Assignment: Could you restate the data word for word and drop the pictures?

[Collected data]
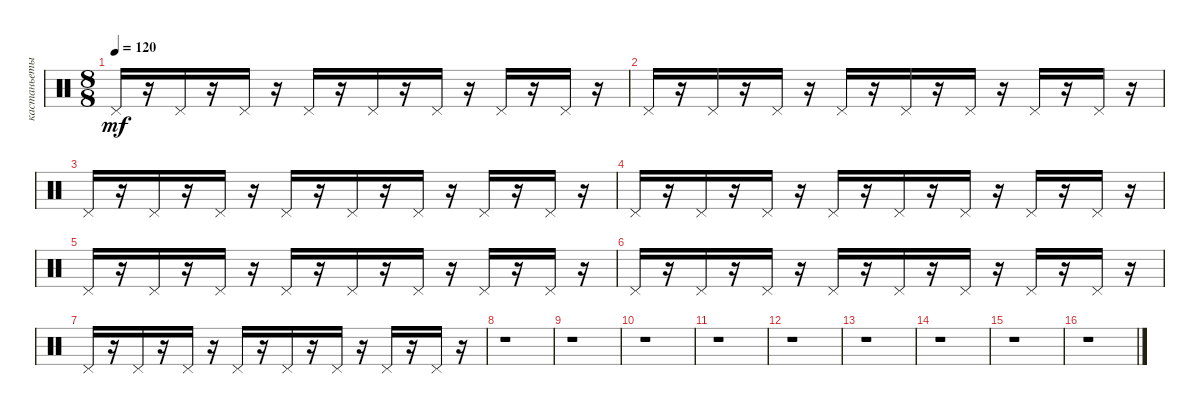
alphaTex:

\track ("кастаньеты" "кастаньеты") {instrument percussion}
\staff {score}
\articulation defaults
\ts (8 8)
\tempo 120
\clef neutral
\ks c "Pedal Hi-Hat (hit)".16{dy mf}
r.16 "Pedal Hi-Hat (hit)".16 r.16 "Pedal Hi-Hat (hit)".16 r.16 "Pedal Hi-Hat (hit)".16 r.16 "Pedal Hi-Hat (hit)".16 r.16 "Pedal Hi-Hat (hit)".16 r.16 "Pedal Hi-Hat (hit)".16 r.16 "Pedal Hi-Hat (hit)".16 r.16 |
"Pedal Hi-Hat (hit)".16 r.16 "Pedal Hi-Hat (hit)".16 r.16 "Pedal Hi-Hat (hit)".16 r.16 "Pedal Hi-Hat (hit)".16 r.16 "Pedal Hi-Hat (hit)".16 r.16 "Pedal Hi-Hat (hit)".16 r.16 "Pedal Hi-Hat (hit)".16 r.16 "Pedal Hi-Hat (hit)".16 r.16 |
"Pedal Hi-Hat (hit)".16 r.16 "Pedal Hi-Hat (hit)".16 r.16 "Pedal Hi-Hat (hit)".16 r.16 "Pedal Hi-Hat (hit)".16 r.16 "Pedal Hi-Hat (hit)".16 r.16 "Pedal Hi-Hat (hit)".16 r.16 "Pedal Hi-Hat (hit)".16 r.16 "Pedal Hi-Hat (hit)".16 r.16 |
"Pedal Hi-Hat (hit)".16 r.16 "Pedal Hi-Hat (hit)".16 r.16 "Pedal Hi-Hat (hit)".16 r.16 "Pedal Hi-Hat (hit)".16 r.16 "Pedal Hi-Hat (hit)".16 r.16 "Pedal Hi-Hat (hit)".16 r.16 "Pedal Hi-Hat (hit)".16 r.16 "Pedal Hi-Hat (hit)".16 r.16 |
"Pedal Hi-Hat (hit)".16 r.16 "Pedal Hi-Hat (hit)".16 r.16 "Pedal Hi-Hat (hit)".16 r.16 "Pedal Hi-Hat (hit)".16 r.16 "Pedal Hi-Hat (hit)".16 r.16 "Pedal Hi-Hat (hit)".16 r.16 "Pedal Hi-Hat (hit)".16 r.16 "Pedal Hi-Hat (hit)".16 r.16 |
"Pedal Hi-Hat (hit)".16 r.16 "Pedal Hi-Hat (hit)".16 r.16 "Pedal Hi-Hat (hit)".16 r.16 "Pedal Hi-Hat (hit)".16 r.16 "Pedal Hi-Hat (hit)".16 r.16 "Pedal Hi-Hat (hit)".16 r.16 "Pedal Hi-Hat (hit)".16 r.16 "Pedal Hi-Hat (hit)".16 r.16 |
"Pedal Hi-Hat (hit)".16 r.16 "Pedal Hi-Hat (hit)".16 r.16 "Pedal Hi-Hat (hit)".16 r.16 "Pedal Hi-Hat (hit)".16 r.16 "Pedal Hi-Hat (hit)".16 r.16 "Pedal Hi-Hat (hit)".16 r.16 "Pedal Hi-Hat (hit)".16 r.16 "Pedal Hi-Hat (hit)".16 r.16 |
r.1 |
r.1 |
r.1 |
r.1 |
r.1 |
r.1 |
r.1 |
r.1 |
r.1

Your solution:
alphaTex:

\track ("кастаньеты" "кастаньеты") {instrument percussion}
\staff {score}
\articulation defaults
\ts (8 8)
\tempo 120
\clef neutral
\ks c "Pedal Hi-Hat (hit)".16{dy mf}
r.16 "Pedal Hi-Hat (hit)".16 r.16 "Pedal Hi-Hat (hit)".16 r.16 "Pedal Hi-Hat (hit)".16 r.16 "Pedal Hi-Hat (hit)".16 r.16 "Pedal Hi-Hat (hit)".16 r.16 "Pedal Hi-Hat (hit)".16 r.16 "Pedal Hi-Hat (hit)".16 r.16 |
"Pedal Hi-Hat (hit)".16 r.16 "Pedal Hi-Hat (hit)".16 r.16 "Pedal Hi-Hat (hit)".16 r.16 "Pedal Hi-Hat (hit)".16 r.16 "Pedal Hi-Hat (hit)".16 r.16 "Pedal Hi-Hat (hit)".16 r.16 "Pedal Hi-Hat (hit)".16 r.16 "Pedal Hi-Hat (hit)".16 r.16 |
"Pedal Hi-Hat (hit)".16 r.16 "Pedal Hi-Hat (hit)".16 r.16 "Pedal Hi-Hat (hit)".16 r.16 "Pedal Hi-Hat (hit)".16 r.16 "Pedal Hi-Hat (hit)".16 r.16 "Pedal Hi-Hat (hit)".16 r.16 "Pedal Hi-Hat (hit)".16 r.16 "Pedal Hi-Hat (hit)".16 r.16 |
"Pedal Hi-Hat (hit)".16 r.16 "Pedal Hi-Hat (hit)".16 r.16 "Pedal Hi-Hat (hit)".16 r.16 "Pedal Hi-Hat (hit)".16 r.16 "Pedal Hi-Hat (hit)".16 r.16 "Pedal Hi-Hat (hit)".16 r.16 "Pedal Hi-Hat (hit)".16 r.16 "Pedal Hi-Hat (hit)".16 r.16 |
"Pedal Hi-Hat (hit)".16 r.16 "Pedal Hi-Hat (hit)".16 r.16 "Pedal Hi-Hat (hit)".16 r.16 "Pedal Hi-Hat (hit)".16 r.16 "Pedal Hi-Hat (hit)".16 r.16 "Pedal Hi-Hat (hit)".16 r.16 "Pedal Hi-Hat (hit)".16 r.16 "Pedal Hi-Hat (hit)".16 r.16 |
"Pedal Hi-Hat (hit)".16 r.16 "Pedal Hi-Hat (hit)".16 r.16 "Pedal Hi-Hat (hit)".16 r.16 "Pedal Hi-Hat (hit)".16 r.16 "Pedal Hi-Hat (hit)".16 r.16 "Pedal Hi-Hat (hit)".16 r.16 "Pedal Hi-Hat (hit)".16 r.16 "Pedal Hi-Hat (hit)".16 r.16 |
"Pedal Hi-Hat (hit)".16 r.16 "Pedal Hi-Hat (hit)".16 r.16 "Pedal Hi-Hat (hit)".16 r.16 "Pedal Hi-Hat (hit)".16 r.16 "Pedal Hi-Hat (hit)".16 r.16 "Pedal Hi-Hat (hit)".16 r.16 "Pedal Hi-Hat (hit)".16 r.16 "Pedal Hi-Hat (hit)".16 r.16 |
r.1 |
r.1 |
r.1 |
r.1 |
r.1 |
r.1 |
r.1 |
r.1 |
r.1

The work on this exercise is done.